De Vétheuil à Eugénie-les-Bains : Michel Guérard en dates

• 27 mars 1933 : naissance à Vétheuil (alors commune de l’ex-département de Seine-et-Oise ; Val-d’Oise aujourd’hui) dans une famille de bouchers-éleveurs.

• 1938 : la famille part s’installer en Normandie, à Pavilly (Seine-Maritime).

• 1947 : la famille revient dans le Vexin et plus précisément à Mantes-la-Jolie, où Maurice Guérard, son père, s’installe comme boucher, rue des Halles.

• 1950 : Michel Guérard entre comme apprenti-pâtissier chez Kléber Alix, un pâtissier-traiteur réputé de la rue Thiers, à Mantes-la-Jolie.

•1953 : son CAP en poche, il décroche un emploi dans les cuisines du Cygne, une auberge réputée de Tôtes (Seine-Maritime). Il y passera un an avant d’honorer son service militaire.

• 1956 : à son retour de l’armée, Michel Guérard est nommé chef pâtissier du prestigieux Hôtel de Crillon, à Paris.

• 1958 : il entre dans le cercle des Meilleurs ouvriers de France (pâtisserie).

• Début des années 1960 : un temps chef pâtissier au Lido (et cuisinier des réceptions privées de la famille Clerico, propriétaire du cabaret), Michel Guérard multiplie ensuite les expériences dans plusieurs grands établissements parisiens, tels Le Lucas Carton, Maxim’s, La Pérouse…

• 1965 : il ouvre son premier restaurant, Le Pot-au-feu, à Asnières-sur-Seine (Hauts-de-Seine).

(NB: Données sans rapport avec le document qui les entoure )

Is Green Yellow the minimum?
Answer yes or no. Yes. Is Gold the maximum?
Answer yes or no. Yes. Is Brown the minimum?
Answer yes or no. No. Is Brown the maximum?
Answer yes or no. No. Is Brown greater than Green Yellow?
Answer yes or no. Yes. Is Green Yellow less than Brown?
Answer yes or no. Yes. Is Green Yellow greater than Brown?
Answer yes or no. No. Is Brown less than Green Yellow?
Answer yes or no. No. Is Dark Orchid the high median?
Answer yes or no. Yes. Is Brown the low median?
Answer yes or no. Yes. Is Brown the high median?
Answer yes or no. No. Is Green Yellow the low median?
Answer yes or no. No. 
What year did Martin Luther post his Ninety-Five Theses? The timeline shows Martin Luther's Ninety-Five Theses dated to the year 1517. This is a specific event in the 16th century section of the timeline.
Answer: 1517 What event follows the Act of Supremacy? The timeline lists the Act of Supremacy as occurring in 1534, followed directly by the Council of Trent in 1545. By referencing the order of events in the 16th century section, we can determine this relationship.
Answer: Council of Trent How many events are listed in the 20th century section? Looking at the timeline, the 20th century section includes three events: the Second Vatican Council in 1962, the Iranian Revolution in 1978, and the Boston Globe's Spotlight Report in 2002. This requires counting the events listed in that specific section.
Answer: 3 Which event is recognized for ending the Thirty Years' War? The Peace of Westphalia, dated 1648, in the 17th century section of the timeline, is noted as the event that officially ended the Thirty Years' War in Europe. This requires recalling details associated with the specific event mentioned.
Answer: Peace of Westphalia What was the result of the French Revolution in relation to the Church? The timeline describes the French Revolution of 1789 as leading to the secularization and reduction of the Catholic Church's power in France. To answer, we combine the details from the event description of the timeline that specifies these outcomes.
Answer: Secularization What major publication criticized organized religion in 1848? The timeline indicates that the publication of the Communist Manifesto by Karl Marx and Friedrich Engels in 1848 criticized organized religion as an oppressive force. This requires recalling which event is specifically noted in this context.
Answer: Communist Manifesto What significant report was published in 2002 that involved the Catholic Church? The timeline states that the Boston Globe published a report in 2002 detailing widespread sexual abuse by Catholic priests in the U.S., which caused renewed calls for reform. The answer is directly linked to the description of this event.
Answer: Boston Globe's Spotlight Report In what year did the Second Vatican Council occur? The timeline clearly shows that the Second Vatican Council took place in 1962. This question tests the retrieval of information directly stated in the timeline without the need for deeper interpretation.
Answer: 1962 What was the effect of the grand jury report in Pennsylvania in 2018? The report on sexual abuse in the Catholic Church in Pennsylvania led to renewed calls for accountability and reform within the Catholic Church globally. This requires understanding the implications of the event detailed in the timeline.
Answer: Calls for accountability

• 1967 : première étoile au Guide Michelin. La deuxième arrivera en 1971. Son petit restaurant devient un lieu incontournable de la gastronomie parisienne. Hommes politiques et artistes s’y pressent, notamment pour sa fameuse salade gourmande, sa première création emblématique. Il incarne alors avec Paul Bocuse, Roger Vergé, les frères Troisgros, Alain Chapel, Alain Senderens et Jean Delaveyne ce qu’on appelle désormais la « nouvelle cuisine française ».

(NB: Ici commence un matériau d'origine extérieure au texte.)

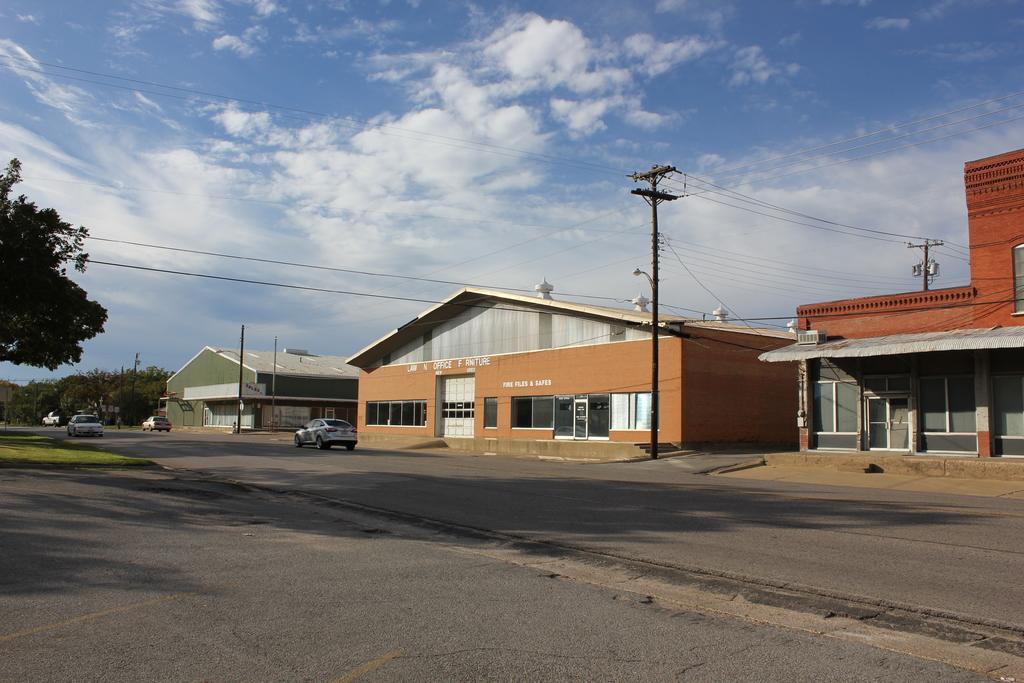Can you describe this image briefly? This picture is clicked outside. On the left we can see the group of cars running on the road and we can see the small portion of green grass. On the right we can see the houses and the windows of the houses. In the background we can see the sky, trees, poles and cables. 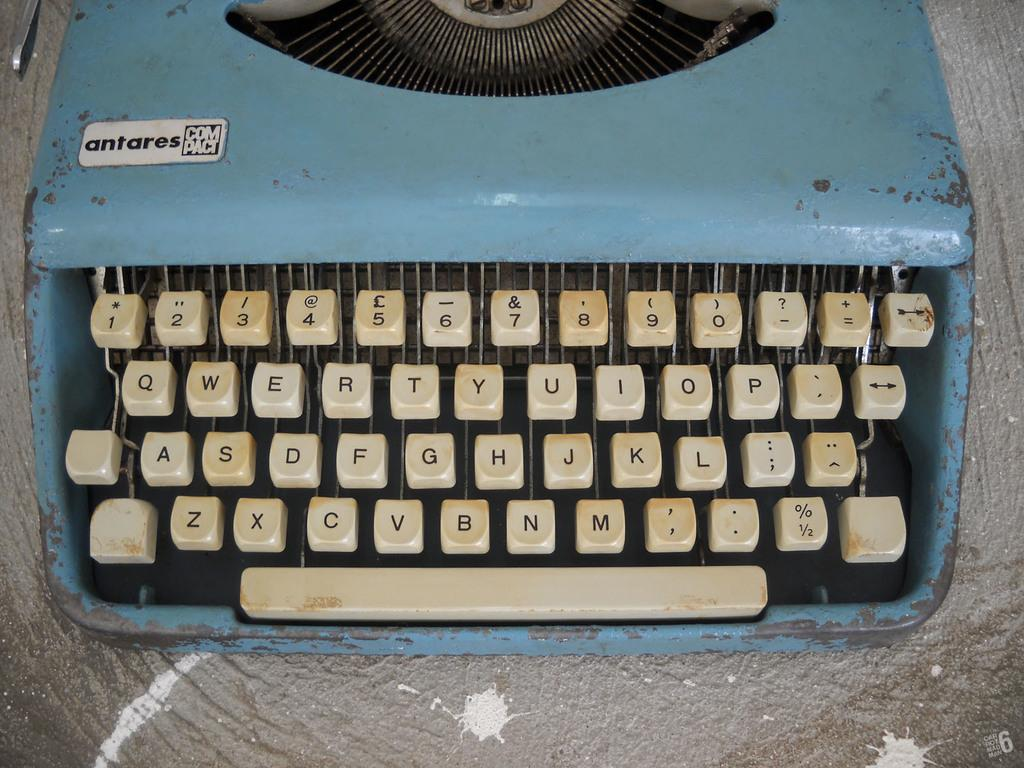Provide a one-sentence caption for the provided image. An old blue Antares compact typewriter looks like it needs to be cleaned.

• 1972 : il rencontre Christine Barthélémy (décédée en 2017 à l’âge de 73 ans), sa future épouse, héritière du fondateur de La Chaîne thermale du soleil. Le couple aura deux filles, Éléonore et Adeline. Elles ont pris la succession de leurs parents.

• 1974 : il part s’installer à Eugénie-les-Bains (Landes), un village de moins de 500 habitants situé à environ 25 km de Mont-de-Marsan, pour rejoindre son épouse, qui dirige la station thermale. Il ouvre Les Prés d’Eugénie, à la fois table d’excellence et hôtel haut de gamme. Le Guide Michelin accorde sa première étoile au restaurant l’année suivante.

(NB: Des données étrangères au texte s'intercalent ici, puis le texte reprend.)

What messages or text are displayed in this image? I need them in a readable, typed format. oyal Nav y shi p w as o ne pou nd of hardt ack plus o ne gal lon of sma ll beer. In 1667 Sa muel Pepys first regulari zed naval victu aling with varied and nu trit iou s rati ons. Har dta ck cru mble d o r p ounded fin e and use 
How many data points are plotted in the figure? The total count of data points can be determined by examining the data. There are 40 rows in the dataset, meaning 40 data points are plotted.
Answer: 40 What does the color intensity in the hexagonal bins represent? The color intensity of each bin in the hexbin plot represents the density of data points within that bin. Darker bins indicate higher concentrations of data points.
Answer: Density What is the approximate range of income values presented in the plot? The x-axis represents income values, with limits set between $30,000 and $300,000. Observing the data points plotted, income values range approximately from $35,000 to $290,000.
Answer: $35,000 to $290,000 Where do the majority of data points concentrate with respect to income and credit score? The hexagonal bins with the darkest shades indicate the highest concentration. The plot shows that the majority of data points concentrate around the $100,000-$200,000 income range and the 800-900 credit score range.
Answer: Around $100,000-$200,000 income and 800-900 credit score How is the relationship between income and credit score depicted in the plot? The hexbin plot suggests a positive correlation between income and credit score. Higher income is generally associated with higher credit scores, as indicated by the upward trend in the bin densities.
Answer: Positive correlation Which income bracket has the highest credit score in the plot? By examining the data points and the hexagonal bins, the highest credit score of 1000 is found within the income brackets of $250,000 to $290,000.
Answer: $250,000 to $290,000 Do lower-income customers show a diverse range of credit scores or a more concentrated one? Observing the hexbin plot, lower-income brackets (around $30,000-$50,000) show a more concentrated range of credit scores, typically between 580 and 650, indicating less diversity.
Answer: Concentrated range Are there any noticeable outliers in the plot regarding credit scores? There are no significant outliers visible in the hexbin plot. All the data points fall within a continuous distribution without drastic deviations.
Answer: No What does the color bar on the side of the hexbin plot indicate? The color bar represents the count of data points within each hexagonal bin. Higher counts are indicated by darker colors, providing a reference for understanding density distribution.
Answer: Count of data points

• 1975 : il fixe les principes de la Grande Cuisine minceur, aujourd’hui marqué déposée, et fait d’Eugénie-les-Bains le « premier village minceur de France ». Cette innovation lui vaut de faire l’année suivante la couverture du magazine américain Time. Il publie également son premier ouvrage aux éditions Robert-Laffont. C’est un best-seller, vendu partout à travers le monde.

• 1977 : troisième étoile au Guide Michelin pour Les Prés d’Eugénie. La deuxième était arrivée en 1976.

• 1977-1981 : aux côtés de l’animatrice Anne-Marie Peysson, il est à l’affiche sur TF1 de l’émission La Cuisine légère.

• 2013 : il inaugure à Eugénie-les-Bains son école de cuisine santé. L’institut Michel-Guérard est le premier centre national d’enseignement du genre.

• 2017 : son établissement obtient le label officiel « Palace », auquel seuls des 5 étoiles peuvent prétendre. À ce jour, 30 autres adresses seulement possèdent cette distinction.

• 19 août 2024 : annonce de son décès. Il s’est éteint dans sa maison d’Eugénie-les-Bains (Landes).